## ASSIGNMENT
Your task is to reproduce the listing exactly, without its images.

## INPUT RECORDS
....

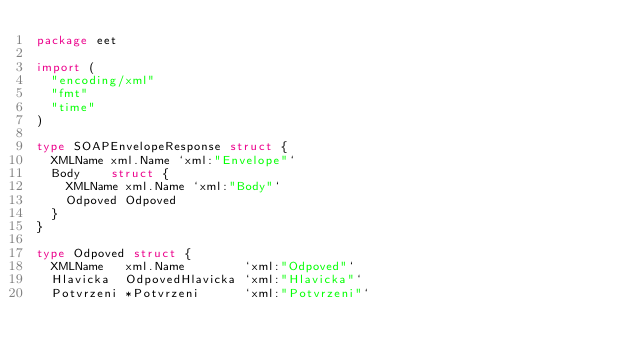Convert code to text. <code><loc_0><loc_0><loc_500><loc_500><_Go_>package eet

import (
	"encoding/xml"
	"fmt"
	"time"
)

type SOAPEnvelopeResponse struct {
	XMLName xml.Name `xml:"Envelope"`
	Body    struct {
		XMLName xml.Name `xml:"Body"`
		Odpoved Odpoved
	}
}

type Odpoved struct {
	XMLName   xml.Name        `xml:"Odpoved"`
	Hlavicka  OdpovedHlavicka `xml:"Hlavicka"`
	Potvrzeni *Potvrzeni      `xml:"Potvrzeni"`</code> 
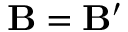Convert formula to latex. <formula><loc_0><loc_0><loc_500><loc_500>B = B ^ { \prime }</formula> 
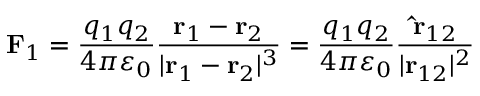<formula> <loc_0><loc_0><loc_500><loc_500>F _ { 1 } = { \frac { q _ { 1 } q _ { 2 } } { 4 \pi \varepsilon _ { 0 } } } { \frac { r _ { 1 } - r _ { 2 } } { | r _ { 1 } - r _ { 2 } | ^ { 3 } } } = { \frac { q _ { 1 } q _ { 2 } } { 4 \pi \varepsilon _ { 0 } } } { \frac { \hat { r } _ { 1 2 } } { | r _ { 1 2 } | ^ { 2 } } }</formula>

....

## REPLY
Convert code to text. <code><loc_0><loc_0><loc_500><loc_500><_Go_>package eet

import (
	"encoding/xml"
	"fmt"
	"time"
)

type SOAPEnvelopeResponse struct {
	XMLName xml.Name `xml:"Envelope"`
	Body    struct {
		XMLName xml.Name `xml:"Body"`
		Odpoved Odpoved
	}
}

type Odpoved struct {
	XMLName   xml.Name        `xml:"Odpoved"`
	Hlavicka  OdpovedHlavicka `xml:"Hlavicka"`
	Potvrzeni *Potvrzeni      `xml:"Potvrzeni"`</code> 
Convert formula to latex. <formula><loc_0><loc_0><loc_500><loc_500>B = B ^ { \prime }</formula> 
<formula> <loc_0><loc_0><loc_500><loc_500>F _ { 1 } = { \frac { q _ { 1 } q _ { 2 } } { 4 \pi \varepsilon _ { 0 } } } { \frac { r _ { 1 } - r _ { 2 } } { | r _ { 1 } - r _ { 2 } | ^ { 3 } } } = { \frac { q _ { 1 } q _ { 2 } } { 4 \pi \varepsilon _ { 0 } } } { \frac { \hat { r } _ { 1 2 } } { | r _ { 1 2 } | ^ { 2 } } }</formula>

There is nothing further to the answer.